_Try it:_ Please return every line of the records below that holds the word "fill".

Extracted data entries
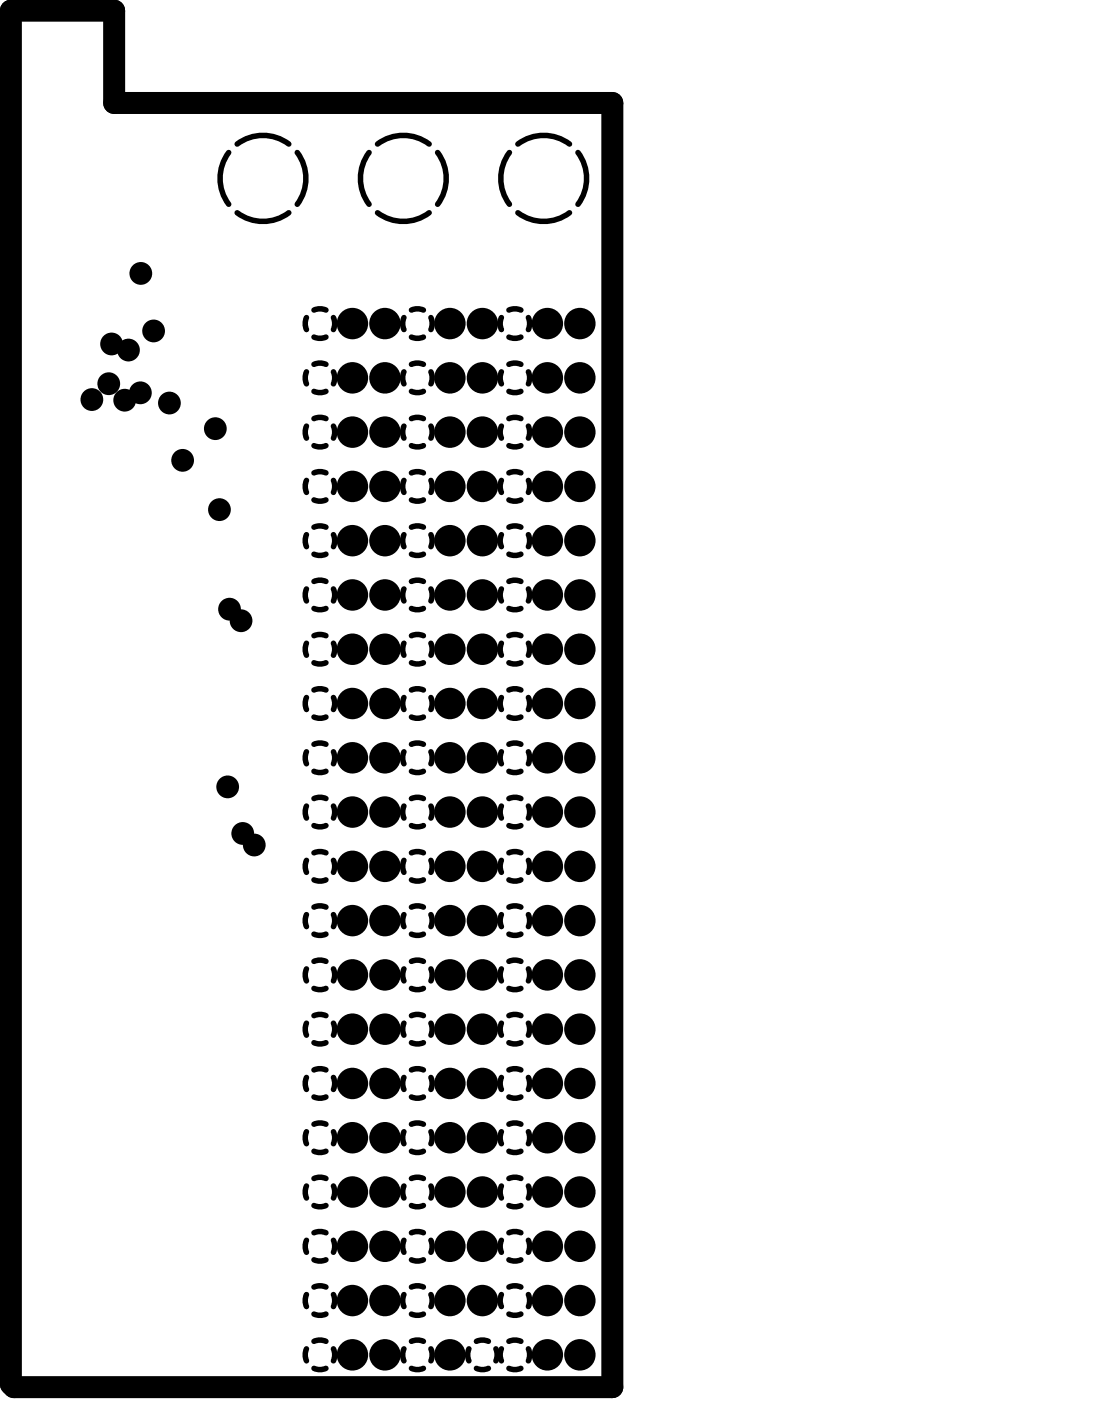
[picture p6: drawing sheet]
<svg xmlns="http://www.w3.org/2000/svg" width="171mm" height="215mm" viewBox="0 0 171 215" stroke-linecap="round" stroke-linejoin="round" font-family="sans-serif">
<path d="M1.7 1.6h15.8v14.2h76.4v196.9h-91.8l-.4-.4z" fill="none" stroke="#000" stroke-width="3.4"/>
<g fill="#000">
<circle cx="16.7" cy="58.8" r="1.75"/>
<circle cx="17.1" cy="52.7" r="1.75"/>
<circle cx="19.7" cy="53.7" r="1.75"/>
<circle cx="21.6" cy="41.9" r="1.75"/>
<circle cx="23.6" cy="50.8" r="1.75"/>
<circle cx="54.1" cy="57.9" r="2.41"/>
<circle cx="54.1" cy="49.6" r="2.41"/>
<circle cx="59.1" cy="57.9" r="2.41"/>
<circle cx="59.1" cy="49.6" r="2.41"/>
<circle cx="69" cy="57.9" r="2.41"/>
<circle cx="69" cy="49.6" r="2.41"/>
<circle cx="74" cy="57.9" r="2.41"/>
<circle cx="74" cy="49.6" r="2.41"/>
<circle cx="84" cy="57.9" r="2.41"/>
<circle cx="84" cy="49.6" r="2.41"/>
<circle cx="89" cy="57.9" r="2.41"/>
<circle cx="89" cy="49.6" r="2.41"/>
<circle cx="14.1" cy="61.3" r="1.75"/>
<circle cx="19.1" cy="61.4" r="1.75"/>
<circle cx="21.5" cy="60.2" r="1.75"/>
<circle cx="26" cy="61.8" r="1.75"/>
<circle cx="28" cy="70.6" r="1.75"/>
<circle cx="33" cy="65.7" r="1.75"/>
<circle cx="33.7" cy="78.2" r="1.75"/>
<circle cx="54.1" cy="74.6" r="2.41"/>
<circle cx="54.1" cy="66.3" r="2.41"/>
<circle cx="59.1" cy="74.6" r="2.41"/>
<circle cx="59.1" cy="66.3" r="2.41"/>
<circle cx="69" cy="74.6" r="2.41"/>
<circle cx="69" cy="66.3" r="2.41"/>
<circle cx="74" cy="74.6" r="2.41"/>
<circle cx="74" cy="66.3" r="2.41"/>
<circle cx="84" cy="74.6" r="2.41"/>
<circle cx="84" cy="66.3" r="2.41"/>
<circle cx="89" cy="74.6" r="2.41"/>
<circle cx="89" cy="66.3" r="2.41"/>
<circle cx="35.2" cy="93.4" r="1.75"/>
<circle cx="37" cy="95.2" r="1.75"/>
<circle cx="54.1" cy="91.2" r="2.41"/>
<circle cx="54.1" cy="99.6" r="2.41"/>
<circle cx="54.1" cy="82.9" r="2.41"/>
<circle cx="59.1" cy="91.2" r="2.41"/>
<circle cx="59.1" cy="99.6" r="2.41"/>
<circle cx="59.1" cy="82.9" r="2.41"/>
<circle cx="69" cy="91.2" r="2.41"/>
<circle cx="69" cy="99.6" r="2.41"/>
<circle cx="69" cy="82.9" r="2.41"/>
<circle cx="74" cy="91.2" r="2.41"/>
<circle cx="74" cy="99.6" r="2.41"/>
<circle cx="74" cy="82.9" r="2.41"/>
<circle cx="84" cy="91.2" r="2.41"/>
<circle cx="84" cy="99.6" r="2.41"/>
<circle cx="84" cy="82.9" r="2.41"/>
<circle cx="89" cy="91.2" r="2.41"/>
<circle cx="89" cy="99.6" r="2.41"/>
<circle cx="89" cy="82.9" r="2.41"/>
<circle cx="54.1" cy="116.2" r="2.41"/>
<circle cx="54.1" cy="107.9" r="2.41"/>
<circle cx="59.1" cy="116.2" r="2.41"/>
<circle cx="59.1" cy="107.9" r="2.41"/>
<circle cx="69" cy="116.2" r="2.41"/>
<circle cx="69" cy="107.9" r="2.41"/>
<circle cx="74" cy="116.2" r="2.41"/>
<circle cx="74" cy="107.9" r="2.41"/>
<circle cx="84" cy="116.2" r="2.41"/>
<circle cx="84" cy="107.9" r="2.41"/>
<circle cx="89" cy="116.2" r="2.41"/>
<circle cx="89" cy="107.9" r="2.41"/>
<circle cx="34.9" cy="120.7" r="1.75"/>
<circle cx="37.2" cy="127.8" r="1.75"/>
<circle cx="39" cy="129.6" r="1.75"/>
<circle cx="54.1" cy="132.9" r="2.41"/>
<circle cx="54.1" cy="124.5" r="2.41"/>
<circle cx="59.1" cy="132.9" r="2.41"/>
<circle cx="59.1" cy="124.5" r="2.41"/>
<circle cx="69" cy="132.9" r="2.41"/>
<circle cx="69" cy="124.5" r="2.41"/>
<circle cx="74" cy="132.9" r="2.41"/>
<circle cx="74" cy="124.5" r="2.41"/>
<circle cx="84" cy="132.9" r="2.41"/>
<circle cx="84" cy="124.5" r="2.41"/>
<circle cx="89" cy="132.9" r="2.41"/>
<circle cx="89" cy="124.5" r="2.41"/>
<circle cx="54.1" cy="141.2" r="2.41"/>
<circle cx="54.1" cy="157.8" r="2.41"/>
<circle cx="54.1" cy="149.5" r="2.41"/>
<circle cx="59.1" cy="141.2" r="2.41"/>
<circle cx="59.1" cy="149.5" r="2.41"/>
<circle cx="59.1" cy="157.8" r="2.41"/>
<circle cx="69" cy="141.2" r="2.41"/>
<circle cx="69" cy="149.5" r="2.41"/>
<circle cx="69" cy="157.8" r="2.41"/>
<circle cx="74" cy="141.2" r="2.41"/>
<circle cx="74" cy="157.8" r="2.41"/>
<circle cx="74" cy="149.5" r="2.41"/>
<circle cx="84" cy="141.2" r="2.41"/>
<circle cx="84" cy="157.8" r="2.41"/>
<circle cx="84" cy="149.5" r="2.41"/>
<circle cx="89" cy="141.2" r="2.41"/>
<circle cx="89" cy="157.8" r="2.41"/>
<circle cx="89" cy="149.5" r="2.41"/>
<circle cx="54.1" cy="166.1" r="2.41"/>
<circle cx="54.1" cy="174.5" r="2.41"/>
<circle cx="59.1" cy="166.1" r="2.41"/>
<circle cx="59.1" cy="174.5" r="2.41"/>
<circle cx="69" cy="166.1" r="2.41"/>
<circle cx="69" cy="174.5" r="2.41"/>
<circle cx="74" cy="166.1" r="2.41"/>
<circle cx="74" cy="174.5" r="2.41"/>
<circle cx="84" cy="166.1" r="2.41"/>
<circle cx="84" cy="174.5" r="2.41"/>
<circle cx="89" cy="166.1" r="2.41"/>
<circle cx="89" cy="174.5" r="2.41"/>
<circle cx="54.1" cy="199.4" r="2.41"/>
<circle cx="54.1" cy="182.8" r="2.41"/>
<circle cx="54.1" cy="191.1" r="2.41"/>
<circle cx="59.1" cy="199.4" r="2.41"/>
<circle cx="59.1" cy="182.8" r="2.41"/>
<circle cx="59.1" cy="191.1" r="2.41"/>
<circle cx="69" cy="199.4" r="2.41"/>
<circle cx="69" cy="182.8" r="2.41"/>
<circle cx="69" cy="191.1" r="2.41"/>
<circle cx="74" cy="199.4" r="2.41"/>
<circle cx="74" cy="182.8" r="2.41"/>
<circle cx="74" cy="191.1" r="2.41"/>
<circle cx="84" cy="199.4" r="2.41"/>
<circle cx="84" cy="182.8" r="2.41"/>
<circle cx="84" cy="191.1" r="2.41"/>
<circle cx="89" cy="199.4" r="2.41"/>
<circle cx="89" cy="182.8" r="2.41"/>
<circle cx="89" cy="191.1" r="2.41"/>
<circle cx="54.1" cy="207.8" r="2.41"/>
<circle cx="59.1" cy="207.8" r="2.41"/>
<circle cx="69" cy="207.8" r="2.41"/>
<circle cx="84" cy="207.8" r="2.41"/>
<circle cx="89" cy="207.8" r="2.41"/>
</g>
<g fill="none" stroke="#000" stroke-width=".84">
<path d="M35.1 23.4a6.6 6.6 0 0 0 0 7.9M36.4 22.1a6.6 6.6 0 0 1 7.9 0M36.4 32.6a6.6 6.6 0 0 0 7.9 0M45.6 23.4a6.6 6.6 0 0 1 0 7.9M56.6 23.4a6.6 6.6 0 0 0 0 7.9M57.9 22.1a6.6 6.6 0 0 1 7.9 0M57.9 32.6a6.6 6.6 0 0 0 7.9 0M67.1 23.4a6.6 6.6 0 0 1 0 7.9M78.2 23.4a6.6 6.6 0 0 0 0 7.9M79.4 22.1a6.6 6.6 0 0 1 8 0M79.4 32.6a6.6 6.6 0 0 0 8 0M88.7 23.4a6.6 6.6 0 0 1 0 7.9"/>
<path d="M47 57a2.27 2.27 0 0 0 0 1.9M47 48.7a2.27 2.27 0 0 0 0 1.8M48.2 55.9a2.26 2.26 0 0 1 1.8 0M48.2 47.5a2.26 2.26 0 0 1 1.8 0M48.2 51.7a2.26 2.26 0 0 0 1.8 0M51.2 57a2.27 2.27 0 0 1 0 1.9M51.2 48.7a2.27 2.27 0 0 1 0 1.8M62 57a2.27 2.27 0 0 0 0 1.9M62 48.7a2.27 2.27 0 0 0 0 1.8M63.1 55.9a2.26 2.26 0 0 1 1.9 0M63.1 47.5a2.26 2.26 0 0 1 1.9 0M63.1 51.7a2.26 2.26 0 0 0 1.9 0"/>
<path d="M66.1 57a2.27 2.27 0 0 1 0 1.9M66.1 48.7a2.27 2.27 0 0 1 0 1.8M76.9 57a2.27 2.27 0 0 0 0 1.9M76.9 48.7a2.27 2.27 0 0 0 0 1.8M78.1 55.9a2.26 2.26 0 0 1 1.8 0M78.1 47.5a2.26 2.26 0 0 1 1.8 0M78.1 51.7a2.26 2.26 0 0 0 1.8 0M81.1 57a2.27 2.27 0 0 1 0 1.9M81.1 48.7a2.27 2.27 0 0 1 0 1.8M47 73.7a2.27 2.27 0 0 0 0 1.8M47 65.3a2.27 2.27 0 0 0 0 1.9M48.2 72.5a2.26 2.26 0 0 1 1.8 0"/>
<path d="M48.2 76.7a2.26 2.26 0 0 0 1.8 0M48.2 60a2.26 2.26 0 0 0 1.8 0M48.2 64.2a2.26 2.26 0 0 1 1.8 0M48.2 68.3a2.26 2.26 0 0 0 1.8 0M51.2 73.7a2.27 2.27 0 0 1 0 1.8M51.2 65.3a2.27 2.27 0 0 1 0 1.9M62 73.7a2.27 2.27 0 0 0 0 1.8M62 65.3a2.27 2.27 0 0 0 0 1.9M63.1 72.5a2.26 2.26 0 0 1 1.9 0M63.1 76.7a2.26 2.26 0 0 0 1.9 0M63.1 60a2.26 2.26 0 0 0 1.9 0M63.1 64.2a2.26 2.26 0 0 1 1.9 0"/>
<path d="M63.1 68.3a2.26 2.26 0 0 0 1.9 0M66.1 73.7a2.27 2.27 0 0 1 0 1.8M66.1 65.3a2.27 2.27 0 0 1 0 1.9M76.9 73.7a2.27 2.27 0 0 0 0 1.8M76.9 65.3a2.27 2.27 0 0 0 0 1.9M78.1 72.5a2.26 2.26 0 0 1 1.8 0M78.1 76.7a2.26 2.26 0 0 0 1.8 0M78.1 60a2.26 2.26 0 0 0 1.8 0M78.1 64.2a2.26 2.26 0 0 1 1.8 0M78.1 68.3a2.26 2.26 0 0 0 1.8 0M81.1 73.7a2.27 2.27 0 0 1 0 1.8M81.1 65.3a2.27 2.27 0 0 1 0 1.9"/>
<path d="M47 90.3a2.27 2.27 0 0 0 0 1.9M47 98.6a2.27 2.27 0 0 0 0 1.9M47 82a2.27 2.27 0 0 0 0 1.8M48.2 89.2a2.26 2.26 0 0 1 1.8 0M48.2 93.3a2.26 2.26 0 0 0 1.8 0M48.2 97.5a2.26 2.26 0 0 1 1.8 0M48.2 80.8a2.26 2.26 0 0 1 1.8 0M48.2 85a2.26 2.26 0 0 0 1.8 0M51.2 90.3a2.27 2.27 0 0 1 0 1.9M51.2 98.6a2.27 2.27 0 0 1 0 1.9M51.2 82a2.27 2.27 0 0 1 0 1.8M62 90.3a2.27 2.27 0 0 0 0 1.9"/>
<path d="M62 98.6a2.27 2.27 0 0 0 0 1.9M62 82a2.27 2.27 0 0 0 0 1.8M63.1 89.2a2.26 2.26 0 0 1 1.9 0M63.1 93.3a2.26 2.26 0 0 0 1.9 0M63.1 97.5a2.26 2.26 0 0 1 1.9 0M63.1 80.8a2.26 2.26 0 0 1 1.9 0M63.1 85a2.26 2.26 0 0 0 1.9 0M66.1 90.3a2.27 2.27 0 0 1 0 1.9M66.1 98.6a2.27 2.27 0 0 1 0 1.9M66.1 82a2.27 2.27 0 0 1 0 1.8M76.9 90.3a2.27 2.27 0 0 0 0 1.9M76.9 98.6a2.27 2.27 0 0 0 0 1.9"/>
<path d="M76.9 82a2.27 2.27 0 0 0 0 1.8M78.1 89.2a2.26 2.26 0 0 1 1.8 0M78.1 93.3a2.26 2.26 0 0 0 1.8 0M78.1 97.5a2.26 2.26 0 0 1 1.8 0M78.1 80.8a2.26 2.26 0 0 1 1.8 0M78.1 85a2.26 2.26 0 0 0 1.8 0M81.1 90.3a2.27 2.27 0 0 1 0 1.9M81.1 98.6a2.27 2.27 0 0 1 0 1.9M81.1 82a2.27 2.27 0 0 1 0 1.8M47 115.3a2.27 2.27 0 0 0 0 1.8M47 107a2.27 2.27 0 0 0 0 1.8M48.2 114.1a2.26 2.26 0 0 1 1.8 0"/>
<path d="M48.2 118.3a2.26 2.26 0 0 0 1.8 0M48.2 105.8a2.26 2.26 0 0 1 1.8 0M48.2 110a2.26 2.26 0 0 0 1.8 0M48.2 101.6a2.26 2.26 0 0 0 1.8 0M51.2 115.3a2.27 2.27 0 0 1 0 1.8M51.2 107a2.27 2.27 0 0 1 0 1.8M62 115.3a2.27 2.27 0 0 0 0 1.8M62 107a2.27 2.27 0 0 0 0 1.8M63.1 114.1a2.26 2.26 0 0 1 1.9 0M63.1 118.3a2.26 2.26 0 0 0 1.9 0M63.1 105.8a2.26 2.26 0 0 1 1.9 0M63.1 110a2.26 2.26 0 0 0 1.9 0"/>
<path d="M63.1 101.6a2.26 2.26 0 0 0 1.9 0M66.1 115.3a2.27 2.27 0 0 1 0 1.8M66.1 107a2.27 2.27 0 0 1 0 1.8M76.9 115.3a2.27 2.27 0 0 0 0 1.8M76.9 107a2.27 2.27 0 0 0 0 1.8M78.1 114.1a2.26 2.26 0 0 1 1.8 0M78.1 118.3a2.26 2.26 0 0 0 1.8 0M78.1 105.8a2.26 2.26 0 0 1 1.8 0M78.1 110a2.26 2.26 0 0 0 1.8 0M78.1 101.6a2.26 2.26 0 0 0 1.8 0M81.1 115.3a2.27 2.27 0 0 1 0 1.8M81.1 107a2.27 2.27 0 0 1 0 1.8"/>
<path d="M47 131.9a2.27 2.27 0 0 0 0 1.9M47 123.6a2.27 2.27 0 0 0 0 1.9M48.2 139.1a2.26 2.26 0 0 1 1.8 0M48.2 130.8a2.26 2.26 0 0 1 1.8 0M48.2 134.9a2.26 2.26 0 0 0 1.8 0M48.2 122.5a2.26 2.26 0 0 1 1.8 0M48.2 126.6a2.26 2.26 0 0 0 1.8 0M51.2 131.9a2.27 2.27 0 0 1 0 1.9M51.2 123.6a2.27 2.27 0 0 1 0 1.9M62 131.9a2.27 2.27 0 0 0 0 1.9M62 123.6a2.27 2.27 0 0 0 0 1.9M63.1 139.1a2.26 2.26 0 0 1 1.9 0"/>
<path d="M63.1 130.8a2.26 2.26 0 0 1 1.9 0M63.1 134.9a2.26 2.26 0 0 0 1.9 0M63.1 122.5a2.26 2.26 0 0 1 1.9 0M63.1 126.6a2.26 2.26 0 0 0 1.9 0M66.1 131.9a2.27 2.27 0 0 1 0 1.9M66.1 123.6a2.27 2.27 0 0 1 0 1.9M76.9 131.9a2.27 2.27 0 0 0 0 1.9M76.9 123.6a2.27 2.27 0 0 0 0 1.9M78.1 139.1a2.26 2.26 0 0 1 1.8 0M78.1 130.8a2.26 2.26 0 0 1 1.8 0M78.1 134.9a2.26 2.26 0 0 0 1.8 0M78.1 122.5a2.26 2.26 0 0 1 1.8 0"/>
<path d="M78.1 126.6a2.26 2.26 0 0 0 1.8 0M81.1 131.9a2.27 2.27 0 0 1 0 1.9M81.1 123.6a2.27 2.27 0 0 1 0 1.9M47 148.6a2.27 2.27 0 0 0 0 1.8M47 140.3a2.27 2.27 0 0 0 0 1.8M47 156.9a2.27 2.27 0 0 0 0 1.8M48.2 147.4a2.26 2.26 0 0 1 1.8 0M48.2 151.6a2.26 2.26 0 0 0 1.8 0M48.2 143.2a2.26 2.26 0 0 0 1.8 0M48.2 155.8a2.26 2.26 0 0 1 1.8 0M48.2 159.9a2.26 2.26 0 0 0 1.8 0M51.2 148.6a2.27 2.27 0 0 1 0 1.8"/>
<path d="M51.2 140.3a2.27 2.27 0 0 1 0 1.8M51.2 156.9a2.27 2.27 0 0 1 0 1.8M62 148.6a2.27 2.27 0 0 0 0 1.8M62 140.3a2.27 2.27 0 0 0 0 1.8M62 156.9a2.27 2.27 0 0 0 0 1.8M63.1 147.4a2.26 2.26 0 0 1 1.9 0M63.1 151.6a2.26 2.26 0 0 0 1.9 0M63.1 143.2a2.26 2.26 0 0 0 1.9 0M63.1 155.8a2.26 2.26 0 0 1 1.9 0M63.1 159.9a2.26 2.26 0 0 0 1.9 0M66.1 148.6a2.27 2.27 0 0 1 0 1.8M66.1 140.3a2.27 2.27 0 0 1 0 1.8"/>
<path d="M66.1 156.9a2.27 2.27 0 0 1 0 1.8M76.9 148.6a2.27 2.27 0 0 0 0 1.8M76.9 140.3a2.27 2.27 0 0 0 0 1.8M76.9 156.9a2.27 2.27 0 0 0 0 1.8M78.1 147.4a2.26 2.26 0 0 1 1.8 0M78.1 151.6a2.26 2.26 0 0 0 1.8 0M78.1 143.2a2.26 2.26 0 0 0 1.8 0M78.1 155.8a2.26 2.26 0 0 1 1.8 0M78.1 159.9a2.26 2.26 0 0 0 1.8 0M81.1 148.6a2.27 2.27 0 0 1 0 1.8M81.1 140.3a2.27 2.27 0 0 1 0 1.8M81.1 156.9a2.27 2.27 0 0 1 0 1.8"/>
<path d="M47 165.2a2.27 2.27 0 0 0 0 1.9M47 173.5a2.27 2.27 0 0 0 0 1.9M48.2 164.1a2.26 2.26 0 0 1 1.8 0M48.2 168.2a2.26 2.26 0 0 0 1.8 0M48.2 172.4a2.26 2.26 0 0 1 1.8 0M48.2 176.5a2.26 2.26 0 0 0 1.8 0M51.2 165.2a2.27 2.27 0 0 1 0 1.9M51.2 173.5a2.27 2.27 0 0 1 0 1.9M62 165.2a2.27 2.27 0 0 0 0 1.9M62 173.5a2.27 2.27 0 0 0 0 1.9M63.1 164.1a2.26 2.26 0 0 1 1.9 0M63.1 168.2a2.26 2.26 0 0 0 1.9 0"/>
<path d="M63.1 172.4a2.26 2.26 0 0 1 1.9 0M63.1 176.5a2.26 2.26 0 0 0 1.9 0M66.1 165.2a2.27 2.27 0 0 1 0 1.9M66.1 173.5a2.27 2.27 0 0 1 0 1.9M76.9 165.2a2.27 2.27 0 0 0 0 1.9M76.9 173.5a2.27 2.27 0 0 0 0 1.9M78.1 164.1a2.26 2.26 0 0 1 1.8 0M78.1 168.2a2.26 2.26 0 0 0 1.8 0M78.1 172.4a2.26 2.26 0 0 1 1.8 0M78.1 176.5a2.26 2.26 0 0 0 1.8 0M81.1 165.2a2.27 2.27 0 0 1 0 1.9M81.1 173.5a2.27 2.27 0 0 1 0 1.9"/>
<path d="M47 181.9a2.27 2.27 0 0 0 0 1.8M47 198.5a2.27 2.27 0 0 0 0 1.9M47 190.2a2.27 2.27 0 0 0 0 1.8M48.2 180.7a2.26 2.26 0 0 1 1.8 0M48.2 184.9a2.26 2.26 0 0 0 1.8 0M48.2 197.4a2.26 2.26 0 0 1 1.8 0M48.2 189a2.26 2.26 0 0 1 1.8 0M48.2 193.2a2.26 2.26 0 0 0 1.8 0M51.2 181.9a2.27 2.27 0 0 1 0 1.8M51.2 198.5a2.27 2.27 0 0 1 0 1.9M51.2 190.2a2.27 2.27 0 0 1 0 1.8M62 181.9a2.27 2.27 0 0 0 0 1.8"/>
<path d="M62 198.5a2.27 2.27 0 0 0 0 1.9M62 190.2a2.27 2.27 0 0 0 0 1.8M63.1 180.7a2.26 2.26 0 0 1 1.9 0M63.1 184.9a2.26 2.26 0 0 0 1.9 0M63.1 197.4a2.26 2.26 0 0 1 1.9 0M63.1 189a2.26 2.26 0 0 1 1.9 0M63.1 193.2a2.26 2.26 0 0 0 1.9 0M66.1 181.9a2.27 2.27 0 0 1 0 1.8M66.1 198.5a2.27 2.27 0 0 1 0 1.9M66.1 190.2a2.27 2.27 0 0 1 0 1.8M76.9 181.9a2.27 2.27 0 0 0 0 1.8M76.9 198.5a2.27 2.27 0 0 0 0 1.9"/>
<path d="M76.9 190.2a2.27 2.27 0 0 0 0 1.8M78.1 180.7a2.26 2.26 0 0 1 1.8 0M78.1 184.9a2.26 2.26 0 0 0 1.8 0M78.1 197.4a2.26 2.26 0 0 1 1.8 0M78.1 189a2.26 2.26 0 0 1 1.8 0M78.1 193.2a2.26 2.26 0 0 0 1.8 0M81.1 181.9a2.27 2.27 0 0 1 0 1.8M81.1 198.5a2.27 2.27 0 0 1 0 1.9M81.1 190.2a2.27 2.27 0 0 1 0 1.8M47 206.8a2.27 2.27 0 0 0 0 1.9M48.2 201.5a2.26 2.26 0 0 0 1.8 0M48.2 205.7a2.26 2.26 0 0 1 1.8 0"/>
<path d="M48.2 209.8a2.26 2.26 0 0 0 1.8 0M51.2 206.8a2.27 2.27 0 0 1 0 1.9M62 206.8a2.27 2.27 0 0 0 0 1.9M63.1 201.5a2.26 2.26 0 0 0 1.9 0M63.1 205.7a2.26 2.26 0 0 1 1.9 0M63.1 209.8a2.26 2.26 0 0 0 1.9 0M66.1 206.8a2.27 2.27 0 0 1 0 1.9M71.9 206.8a2.27 2.27 0 0 0 0 1.9M73.1 205.7a2.26 2.26 0 0 1 1.8 0M73.1 209.8a2.26 2.26 0 0 0 1.8 0M76.1 206.8a2.27 2.27 0 0 1 0 1.9M76.9 206.8a2.27 2.27 0 0 0 0 1.9"/>
<path d="M78.1 201.5a2.26 2.26 0 0 0 1.8 0M78.1 205.7a2.26 2.26 0 0 1 1.8 0M78.1 209.8a2.26 2.26 0 0 0 1.8 0M81.1 206.8a2.27 2.27 0 0 1 0 1.9"/>
</g>
</svg>

_Response below:_
<path d="M1.7 1.6h15.8v14.2h76.4v196.9h-91.8l-.4-.4z" fill="none" stroke="#000" stroke-width="3.4"/>
<g fill="#000">
<g fill="none" stroke="#000" stroke-width=".84">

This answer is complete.